Rudy menyebut, intruksi ini mewajibkan setiap SKPD, mulai dari kantor dinas, kantor kecamatan, hingga secara bertahap ke seluruh sekolah milik pemerintah daerah, desa, dan kelurahan, untuk memiliki TPS masing-masing.

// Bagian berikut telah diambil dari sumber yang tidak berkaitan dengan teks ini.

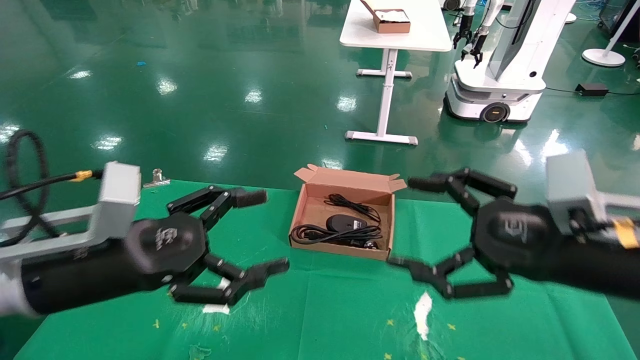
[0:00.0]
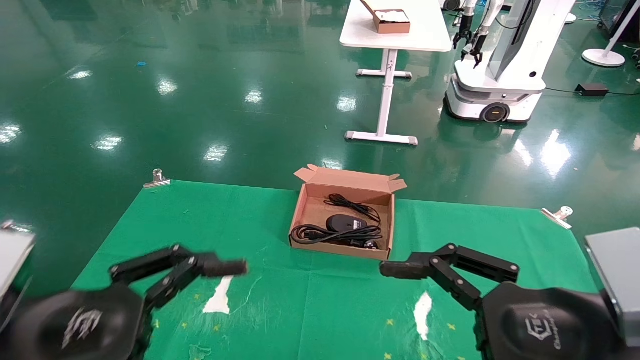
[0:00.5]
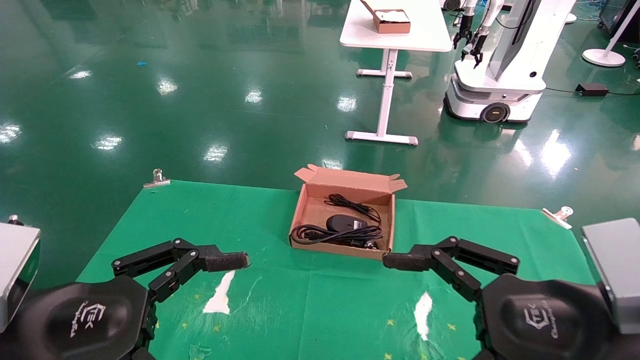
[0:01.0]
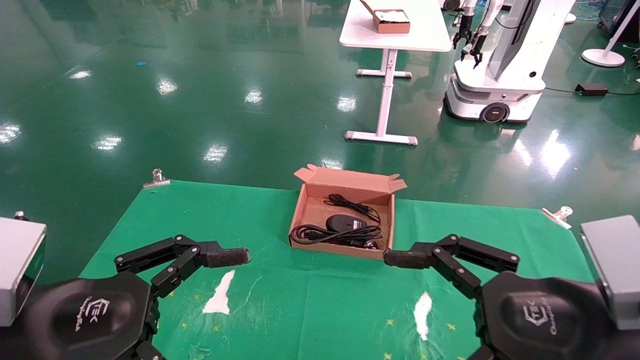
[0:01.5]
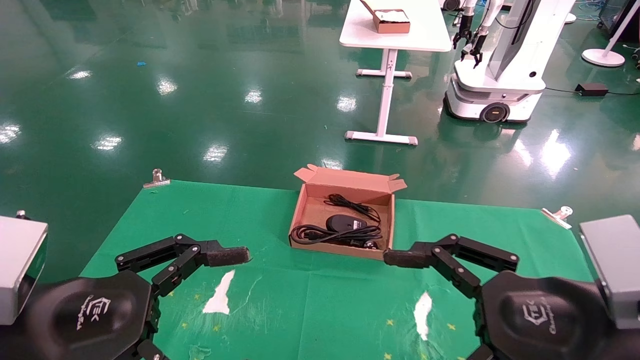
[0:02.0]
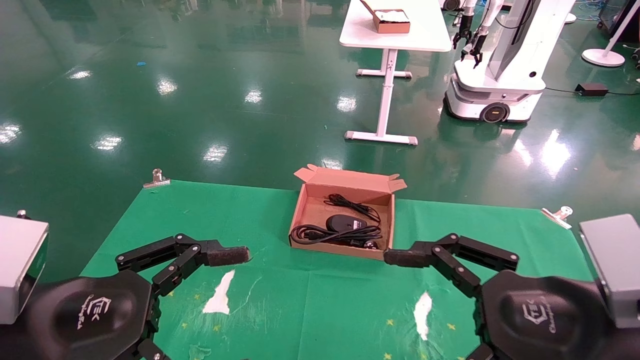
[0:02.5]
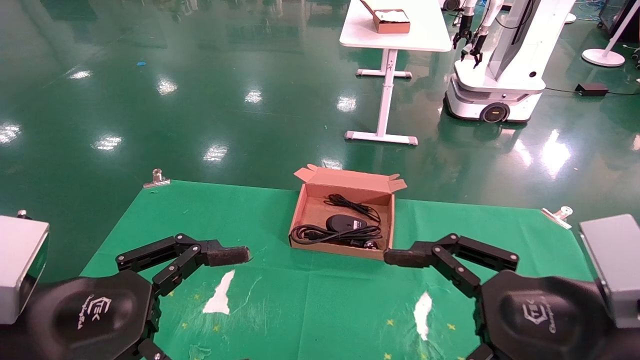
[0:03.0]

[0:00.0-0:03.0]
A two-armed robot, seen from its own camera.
0:00.0 to 0:01.5: Both grippers move backward, roughly 5 cm.
0:01.5 to 0:03.0: The two grippers keep their place.
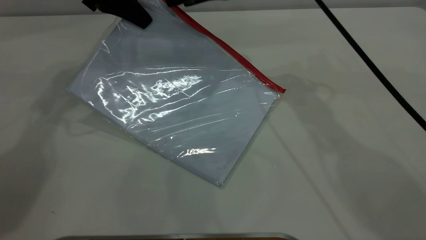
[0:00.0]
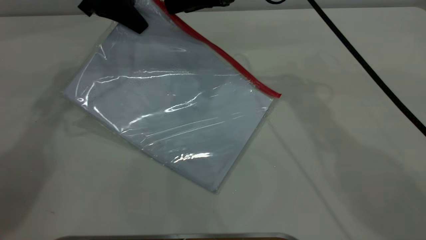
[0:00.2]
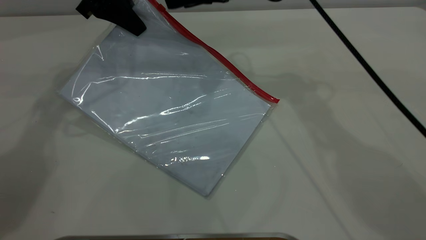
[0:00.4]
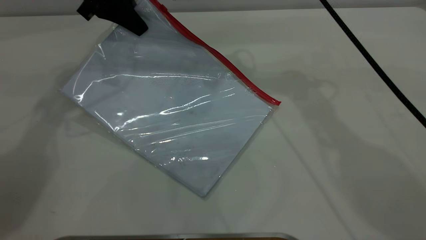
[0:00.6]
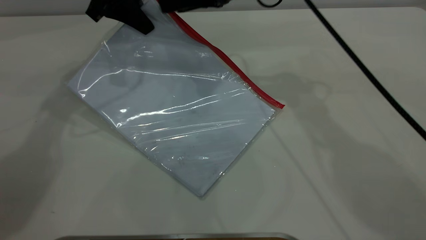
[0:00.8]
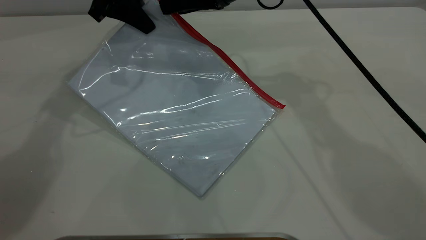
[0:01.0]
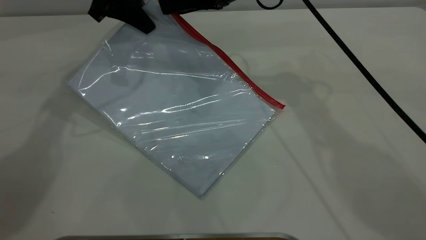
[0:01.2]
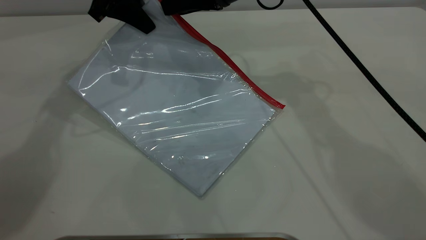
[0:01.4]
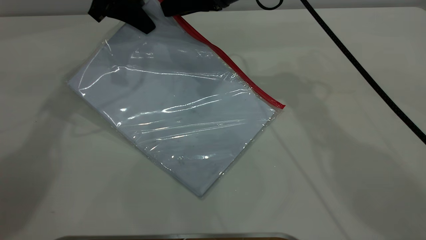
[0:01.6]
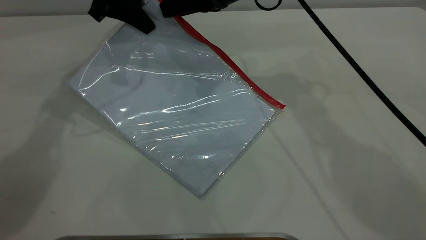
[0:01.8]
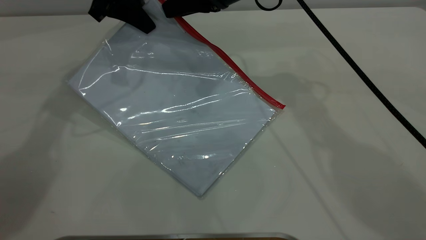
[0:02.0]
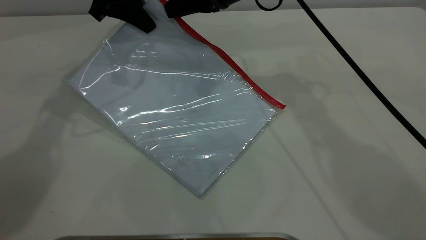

“Dari kantor dinas, lalu kantor kecamatan, desa atau kelurahan dan bertahap, kita masuk ke seluruh sekolah yang di miliki oleh pemerintah Kabupaten Bogor,” ungkapnya.
“Sehingga, saat kita mengeluarkan sebuah kebijakan untuk masyarakat umum. Kita sendiri selaku penyelenggara, sudah melakukan lebih awal,” jelasnya.
Sementara itu, Sekretaris Daerah (Sekda) Kabupaten Bogor, Ajat Rochmat Jatnika, menambahkan bahwa instruksi tersebut juga mencakup kewajiban membentuk bank sampah di setiap perangkat daerah.
“Saat ini seluruh perangkat daerah sudah mulai bergerak membentuk bank sampah. Dua minggu ke depan akan kami lakukan evaluasi, termasuk penilaian terhadap kantor terbersih dan terkotor,” katanya.
Langkah ini diharapkan dapat menjadi contoh nyata bagi masyarakat dalam mengelola sampah secara mandiri, sekaligus mendukung program Kabupaten Bogor menuju daerah yang bersih dan ramah lingkungan.